■ **What to do**
All entries below must be written out verbatim, and the images must be dropped.
*** Data ***
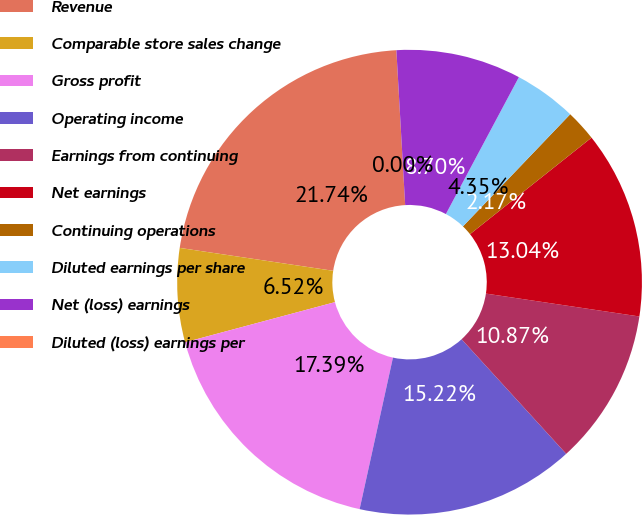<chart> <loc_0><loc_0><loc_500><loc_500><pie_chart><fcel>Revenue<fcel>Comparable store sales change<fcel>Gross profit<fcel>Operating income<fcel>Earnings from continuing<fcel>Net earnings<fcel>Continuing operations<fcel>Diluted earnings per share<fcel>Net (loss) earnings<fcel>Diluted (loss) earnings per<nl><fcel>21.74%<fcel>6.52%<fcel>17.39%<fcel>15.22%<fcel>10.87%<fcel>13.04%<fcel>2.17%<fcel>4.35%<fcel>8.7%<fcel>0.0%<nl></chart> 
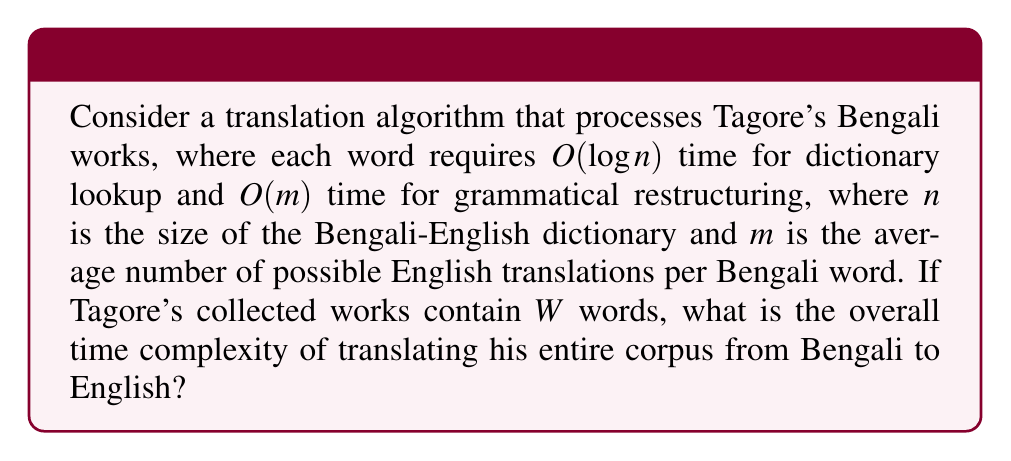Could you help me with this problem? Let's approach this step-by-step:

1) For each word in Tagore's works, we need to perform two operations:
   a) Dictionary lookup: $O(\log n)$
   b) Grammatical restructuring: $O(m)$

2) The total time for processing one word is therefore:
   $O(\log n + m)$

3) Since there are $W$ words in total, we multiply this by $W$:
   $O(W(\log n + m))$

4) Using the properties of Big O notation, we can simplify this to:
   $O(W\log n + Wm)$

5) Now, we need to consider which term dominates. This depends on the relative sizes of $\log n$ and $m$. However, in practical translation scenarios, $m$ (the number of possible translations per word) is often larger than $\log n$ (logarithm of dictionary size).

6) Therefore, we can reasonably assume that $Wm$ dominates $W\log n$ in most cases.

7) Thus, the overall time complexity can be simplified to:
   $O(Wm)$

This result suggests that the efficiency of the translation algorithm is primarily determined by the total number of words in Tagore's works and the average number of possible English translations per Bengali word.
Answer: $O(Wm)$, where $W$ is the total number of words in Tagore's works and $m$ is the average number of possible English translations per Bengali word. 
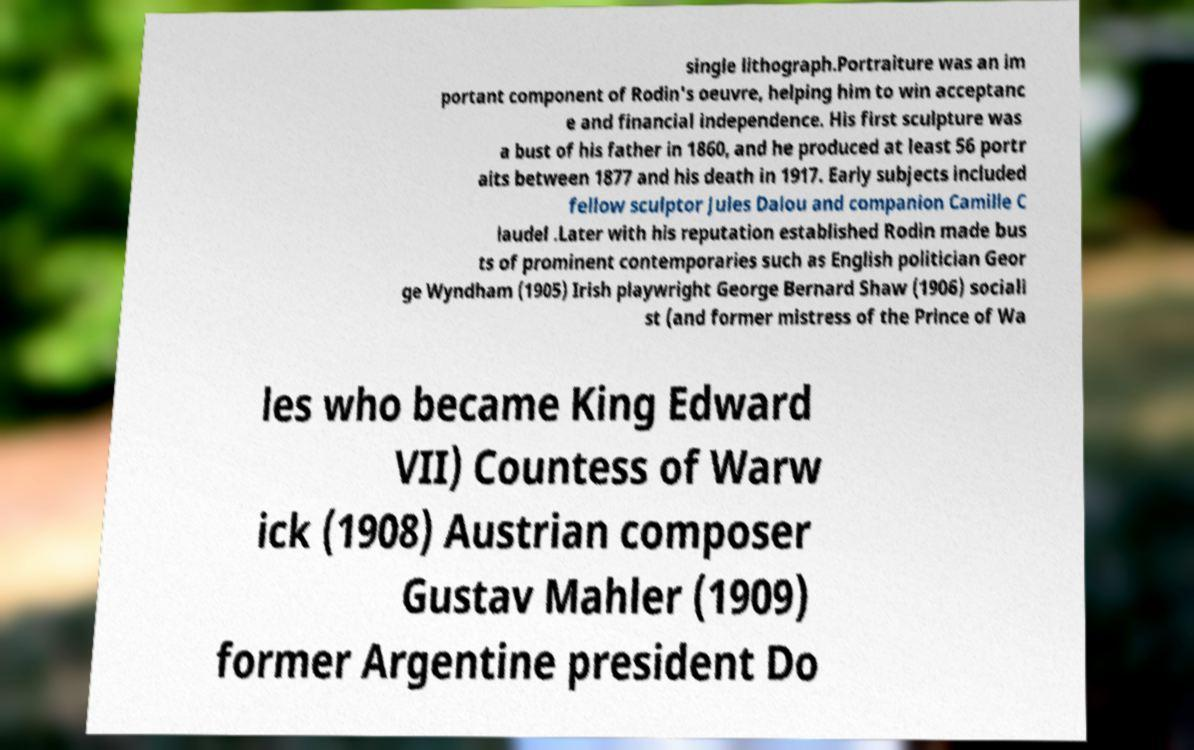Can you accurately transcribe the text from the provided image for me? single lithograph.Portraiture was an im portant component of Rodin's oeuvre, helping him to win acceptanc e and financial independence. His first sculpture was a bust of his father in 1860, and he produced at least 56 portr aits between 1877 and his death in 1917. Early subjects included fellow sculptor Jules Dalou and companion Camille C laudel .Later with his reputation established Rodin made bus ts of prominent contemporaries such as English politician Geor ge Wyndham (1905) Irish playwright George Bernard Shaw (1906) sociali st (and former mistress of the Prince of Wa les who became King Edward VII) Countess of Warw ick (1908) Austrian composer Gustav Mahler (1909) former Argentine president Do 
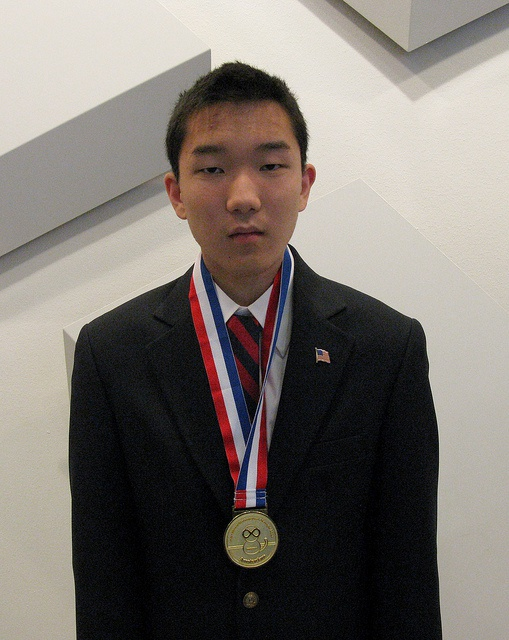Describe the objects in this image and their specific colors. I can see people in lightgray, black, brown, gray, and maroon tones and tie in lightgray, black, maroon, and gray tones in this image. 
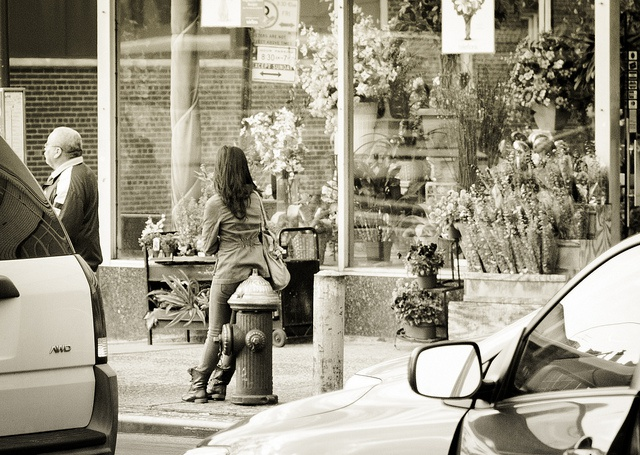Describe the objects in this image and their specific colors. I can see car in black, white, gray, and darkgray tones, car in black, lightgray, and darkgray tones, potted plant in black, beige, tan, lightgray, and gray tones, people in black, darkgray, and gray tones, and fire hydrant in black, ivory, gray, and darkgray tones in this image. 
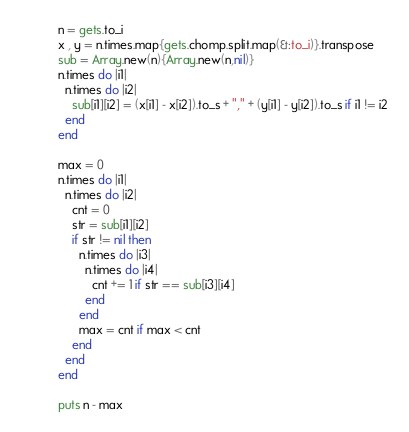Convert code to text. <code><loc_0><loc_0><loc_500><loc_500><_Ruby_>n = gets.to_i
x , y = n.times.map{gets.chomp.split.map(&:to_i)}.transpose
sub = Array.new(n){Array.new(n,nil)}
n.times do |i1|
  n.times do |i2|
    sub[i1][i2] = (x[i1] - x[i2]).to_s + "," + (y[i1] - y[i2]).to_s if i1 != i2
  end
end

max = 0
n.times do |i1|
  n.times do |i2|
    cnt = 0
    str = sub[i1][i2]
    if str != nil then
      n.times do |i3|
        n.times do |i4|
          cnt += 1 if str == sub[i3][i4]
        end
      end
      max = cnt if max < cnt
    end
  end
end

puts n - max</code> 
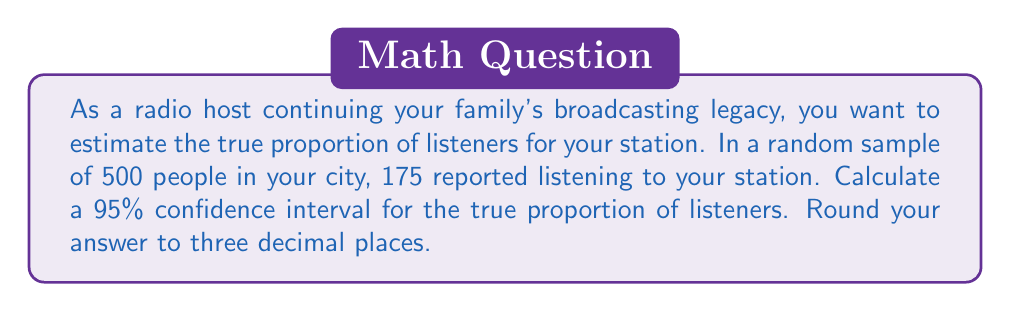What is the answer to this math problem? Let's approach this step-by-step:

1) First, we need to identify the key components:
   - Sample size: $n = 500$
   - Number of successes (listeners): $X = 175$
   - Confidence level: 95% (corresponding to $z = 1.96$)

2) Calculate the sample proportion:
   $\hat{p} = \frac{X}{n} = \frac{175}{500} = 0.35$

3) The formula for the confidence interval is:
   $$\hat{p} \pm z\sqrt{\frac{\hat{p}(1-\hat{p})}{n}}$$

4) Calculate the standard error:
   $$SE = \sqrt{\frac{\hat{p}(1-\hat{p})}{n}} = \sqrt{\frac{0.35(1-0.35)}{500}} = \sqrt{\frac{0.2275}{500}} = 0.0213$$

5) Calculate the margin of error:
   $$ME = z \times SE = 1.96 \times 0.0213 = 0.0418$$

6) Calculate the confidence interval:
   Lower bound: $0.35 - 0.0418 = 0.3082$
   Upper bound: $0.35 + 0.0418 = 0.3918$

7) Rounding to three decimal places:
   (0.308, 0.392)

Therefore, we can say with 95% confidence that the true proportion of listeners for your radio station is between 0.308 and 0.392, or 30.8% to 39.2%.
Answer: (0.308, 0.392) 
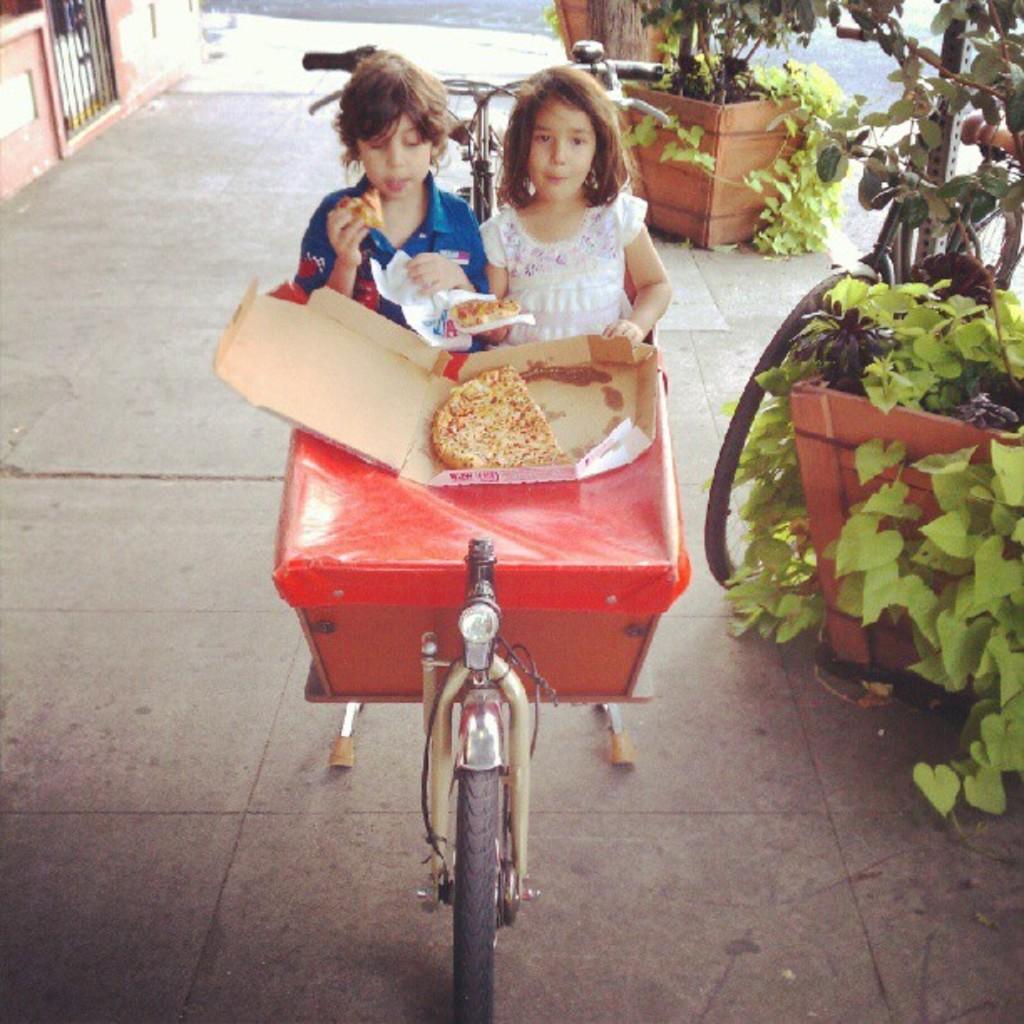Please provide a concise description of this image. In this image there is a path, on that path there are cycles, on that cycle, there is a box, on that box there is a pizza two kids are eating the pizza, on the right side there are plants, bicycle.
*** End of Data ***
■ **Answer to the exercise**
<chart> <loc_0><loc_0><loc_500><loc_500><pie_chart><fcel>Revenue<fcel>Comparable store sales change<fcel>Gross profit<fcel>Operating income<fcel>Earnings from continuing<fcel>Net earnings<fcel>Continuing operations<fcel>Diluted earnings per share<fcel>Net (loss) earnings<fcel>Diluted (loss) earnings per<nl><fcel>21.74%<fcel>6.52%<fcel>17.39%<fcel>15.22%<fcel>10.87%<fcel>13.04%<fcel>2.17%<fcel>4.35%<fcel>8.7%<fcel>0.0%<nl></chart> 
Could you help me with this problem? Let's approach this step-by-step:

1) For each word in Tagore's works, we need to perform two operations:
   a) Dictionary lookup: $O(\log n)$
   b) Grammatical restructuring: $O(m)$

2) The total time for processing one word is therefore:
   $O(\log n + m)$

3) Since there are $W$ words in total, we multiply this by $W$:
   $O(W(\log n + m))$

4) Using the properties of Big O notation, we can simplify this to:
   $O(W\log n + Wm)$

5) Now, we need to consider which term dominates. This depends on the relative sizes of $\log n$ and $m$. However, in practical translation scenarios, $m$ (the number of possible translations per word) is often larger than $\log n$ (logarithm of dictionary size).

6) Therefore, we can reasonably assume that $Wm$ dominates $W\log n$ in most cases.

7) Thus, the overall time complexity can be simplified to:
   $O(Wm)$

This result suggests that the efficiency of the translation algorithm is primarily determined by the total number of words in Tagore's works and the average number of possible English translations per Bengali word.
Answer: $O(Wm)$, where $W$ is the total number of words in Tagore's works and $m$ is the average number of possible English translations per Bengali word. 
Can you accurately transcribe the text from the provided image for me? single lithograph.Portraiture was an im portant component of Rodin's oeuvre, helping him to win acceptanc e and financial independence. His first sculpture was a bust of his father in 1860, and he produced at least 56 portr aits between 1877 and his death in 1917. Early subjects included fellow sculptor Jules Dalou and companion Camille C laudel .Later with his reputation established Rodin made bus ts of prominent contemporaries such as English politician Geor ge Wyndham (1905) Irish playwright George Bernard Shaw (1906) sociali st (and former mistress of the Prince of Wa les who became King Edward VII) Countess of Warw ick (1908) Austrian composer Gustav Mahler (1909) former Argentine president Do 
Describe the objects in this image and their specific colors. I can see people in lightgray, black, brown, gray, and maroon tones and tie in lightgray, black, maroon, and gray tones in this image. 
Describe the objects in this image and their specific colors. I can see car in black, white, gray, and darkgray tones, car in black, lightgray, and darkgray tones, potted plant in black, beige, tan, lightgray, and gray tones, people in black, darkgray, and gray tones, and fire hydrant in black, ivory, gray, and darkgray tones in this image. 
Convert code to text. <code><loc_0><loc_0><loc_500><loc_500><_Ruby_>n = gets.to_i
x , y = n.times.map{gets.chomp.split.map(&:to_i)}.transpose
sub = Array.new(n){Array.new(n,nil)}
n.times do |i1|
  n.times do |i2|
    sub[i1][i2] = (x[i1] - x[i2]).to_s + "," + (y[i1] - y[i2]).to_s if i1 != i2
  end
end

max = 0
n.times do |i1|
  n.times do |i2|
    cnt = 0
    str = sub[i1][i2]
    if str != nil then
      n.times do |i3|
        n.times do |i4|
          cnt += 1 if str == sub[i3][i4]
        end
      end
      max = cnt if max < cnt
    end
  end
end

puts n - max</code> 
What is the answer to this math problem? Let's approach this step-by-step:

1) First, we need to identify the key components:
   - Sample size: $n = 500$
   - Number of successes (listeners): $X = 175$
   - Confidence level: 95% (corresponding to $z = 1.96$)

2) Calculate the sample proportion:
   $\hat{p} = \frac{X}{n} = \frac{175}{500} = 0.35$

3) The formula for the confidence interval is:
   $$\hat{p} \pm z\sqrt{\frac{\hat{p}(1-\hat{p})}{n}}$$

4) Calculate the standard error:
   $$SE = \sqrt{\frac{\hat{p}(1-\hat{p})}{n}} = \sqrt{\frac{0.35(1-0.35)}{500}} = \sqrt{\frac{0.2275}{500}} = 0.0213$$

5) Calculate the margin of error:
   $$ME = z \times SE = 1.96 \times 0.0213 = 0.0418$$

6) Calculate the confidence interval:
   Lower bound: $0.35 - 0.0418 = 0.3082$
   Upper bound: $0.35 + 0.0418 = 0.3918$

7) Rounding to three decimal places:
   (0.308, 0.392)

Therefore, we can say with 95% confidence that the true proportion of listeners for your radio station is between 0.308 and 0.392, or 30.8% to 39.2%.
Answer: (0.308, 0.392) 
Please provide a concise description of this image. In this image there is a path, on that path there are cycles, on that cycle, there is a box, on that box there is a pizza two kids are eating the pizza, on the right side there are plants, bicycle.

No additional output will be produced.